Storage and Reheating Tips
If you find yourself with leftovers, you're in luck! This butternut squash soup stores wonderfully in the refrigerator for up to a week. Just make sure to let it cool completely before transferring it to an airtight container. When you're ready to enjoy it again, simply reheat on the stovetop over low heat, stirring occasionally until warmed through.
For longer storage, consider freezing the soup. It can be frozen for up to three months. Portion it into freezer-safe containers, leaving some room for expansion. When you're ready to enjoy it, thaw overnight in the refrigerator and reheat as mentioned above. This makes for a convenient and nutritious meal option that you can pull out on busy days.
Ingredients
For the Soup
- 1 medium butternut squash, peeled and diced
- 1 onion, chopped
- 2 cloves garlic, minced
- 4 cups vegetable broth
- 1 teaspoon ground cumin
- 1 teaspoon ground ginger
- Salt and pepper to taste
- 1 tablespoon olive oil
- Fresh parsley for garnish
Make sure to prep all your ingredients before starting the cooking process.
Instructions
Sauté the Aromatics
In a large pot, heat the olive oil over medium heat. Add the chopped onion and garlic, sautéing until the onion is translucent, about 5 minutes.
Cook the Squash
Add the diced butternut squash to the pot, stirring in the ground cumin and ginger. Cook for another 5 minutes.
Add Broth and Simmer
Pour in the vegetable broth and bring to a boil. Reduce the heat and let it simmer for about 25 minutes, or until the squash is tender.
Blend the Soup
Using an immersion blender, blend the soup until smooth. If you don’t have an immersion blender, carefully transfer the soup in batches to a regular blender.
Season and Serve
Season with salt and pepper to taste. Serve hot, garnished with fresh parsley.

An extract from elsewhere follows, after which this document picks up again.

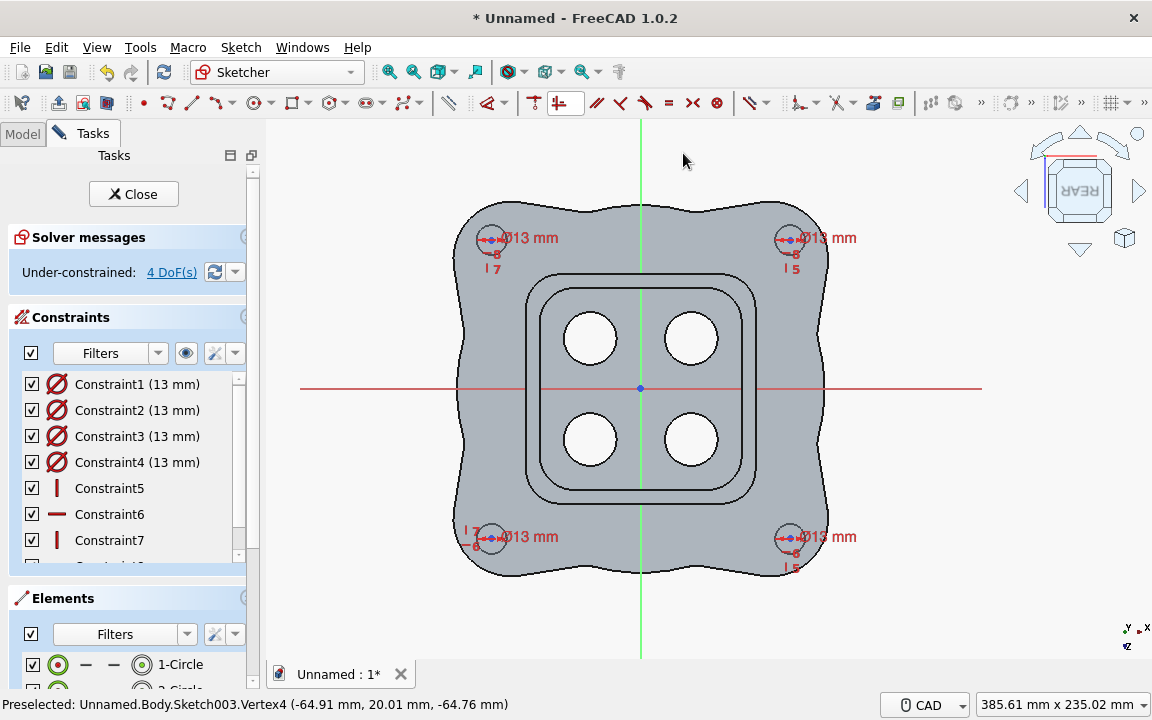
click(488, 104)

Enjoy your deliciously healthy butternut squash soup!
Serving Suggestions
This healthy butternut squash soup pairs beautifully with a variety of sides. Consider serving it with crusty whole-grain bread or a fresh side salad for a complete meal. You could also complement it with a dollop of Greek yogurt or a sprinkle of feta cheese for added creaminess and flavor.
For an elevated dining experience, try adding toasted pumpkin seeds or croutons on top for a delightful crunch. These toppings not only enhance the presentation but also add texture, making each spoonful even more enjoyable.
Culinary Pairings
When it comes to beverages, a light white wine, such as Sauvignon Blanc, pairs nicely with butternut squash soup, enhancing the flavor without overpowering it. Alternatively, for a non-alcoholic option, a sparkling water with a splash of lemon can cleanse the palate beautifully.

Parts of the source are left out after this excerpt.